Oh well spied!! It is a mistake. On some CPU's I understand there is a penalty for switching data types like that, so it should definitely be VMOVUPS! Pinned mate, thanks for pointing this out :)
Watching a video like this makes me understand how CPUs keep gaining millions upon millions of transistors. The muxing, control lines, registers and logic in general to implement all of these instructions, things like broadcasting etc would just keep piling on the transistors..! And the detail in that koala drawing ... 🤯
We ain't in Kansas anymore, Toto. Loved this trilogy, thank you. The Kmasks, the compressed displacement, broadcasting, the register files, all of it is exciting. I have experimented with SIMD since you first introduced us to SSE. I suspect that the power of these instructions will only really be experienced after a paradigm shift in the way we structure data. The classic vision of data in records (structs, Classes etc.) has served is well with the classic architectures . These revolved around pointers and pointer arithmetic (shock! horror! bare naked pointers are at the foundation of it ALL). The new architecture is less friendly to the mixing of numerical, textual and bit-field data. It thrives on sequential lists of data all being the same types. So, data currently stored thus: Name: Michael, Age: 69, Salary : beyond your wildest dreams; Name: Creel, Age: ... etc. will need to be stared as Name: Michael, Creel; Age: 69... etc. I, perhaps ,need a lot more examples of data for clarity but the idea being that each numerical field can be accessed as one long array. Why? When one isn't number crunching enterprise amounts of data, the overhead to gather the numerical data from classic records can erase the advantage of these powerful instruction sets. It is not an obstacle just a different view of your data. I really like your Dad's pictures. I can see why you are so proud of him. Stay healthy.
I’m with you mate! SIMD is really exciting stuff, but it does leave many languages in the dust. There’s just too much flexibility to express with most modern languages. I think you are alluding to a topic called “SOA vs AOS”. Storing data as an array of structures, versus a structure of arrays. SIMD is very good at SOA, but computer languages usually use AOS. We want all the names together in an array, all the ages in another array, etc. Then we can manipulate or search 16 ages at once in SIMD, and we don’t have to gather them from all over RAM :) That’s a perfect example of one of the ways modern languages are not designed to take advantage of this stuff! I did a video a long time ago on that topic, but I don’t think I covered it well. Maybe we could revisit it? I reckon you’re spot on Michael! Thanks for the kind words mate, stay healthy too :)

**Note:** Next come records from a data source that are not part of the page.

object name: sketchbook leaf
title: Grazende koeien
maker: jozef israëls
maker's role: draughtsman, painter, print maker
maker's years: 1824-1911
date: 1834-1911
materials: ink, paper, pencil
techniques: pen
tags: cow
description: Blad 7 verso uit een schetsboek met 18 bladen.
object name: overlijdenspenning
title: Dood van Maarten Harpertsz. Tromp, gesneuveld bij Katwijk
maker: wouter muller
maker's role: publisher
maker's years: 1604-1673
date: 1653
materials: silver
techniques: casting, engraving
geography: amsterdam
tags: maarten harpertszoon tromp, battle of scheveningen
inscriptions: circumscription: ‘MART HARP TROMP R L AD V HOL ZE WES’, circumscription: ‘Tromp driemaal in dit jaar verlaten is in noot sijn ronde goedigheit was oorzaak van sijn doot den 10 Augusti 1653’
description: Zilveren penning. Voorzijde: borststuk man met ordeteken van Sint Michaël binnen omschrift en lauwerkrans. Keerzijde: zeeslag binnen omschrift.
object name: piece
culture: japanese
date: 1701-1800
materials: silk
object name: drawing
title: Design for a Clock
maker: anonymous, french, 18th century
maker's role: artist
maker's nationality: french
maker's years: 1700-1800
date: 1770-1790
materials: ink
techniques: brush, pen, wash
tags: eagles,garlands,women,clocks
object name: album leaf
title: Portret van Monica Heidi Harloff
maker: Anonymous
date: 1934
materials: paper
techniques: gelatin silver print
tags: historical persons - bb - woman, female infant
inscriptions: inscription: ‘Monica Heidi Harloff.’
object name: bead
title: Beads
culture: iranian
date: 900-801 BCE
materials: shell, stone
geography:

Great intro to this instruction set! I'm a database guy, so not quite sure when I'll ever write my first assembly code, but your teaching style is so good that I can't help watching!
Really cool and awesome videos talking about some of the AVX512 ! Can you explore more about avx512 in the future, especially the FMA instructions in the future? CUDA with tensor cores boost the GEMM computation through put by such a big degree that now the Ampere A100 basically has more silicon for tensor cores instead of the common CUDA cores. The GA100 actually has much less fp32 CUDA cores than the GA102 gaming/content creation lineups(like RTX A600 or 3090) . It would be interesting to see how the avx512 FMA implementation on BLAS boosts the speed/throughput in comparison to that of avx2 and no avx at all.
I would love to! Trouble is getting hardware :( I have a 1050ti, that's about it at the moment. Certainly a fine card, but not exactly state of the art. Some more AVX512 vids would be fun!! The fmads are awesome!! Thank you for the suggestions mate, and thanks for watching :)
The GA100 has 6912 CUDA cores, with over 13,000 FP32 units. The GA102-derived RTX 3090 and RTX 3080 have around 4,000-5,000 FP32 CUDA cores, with around 8,000-10,000 FP32 FPUs. Most of the die area on Ampere GPUs is still reserved by the shader/CUDA cores. The GA100 lacks RT cores, those are for GA102 and smaller dies only.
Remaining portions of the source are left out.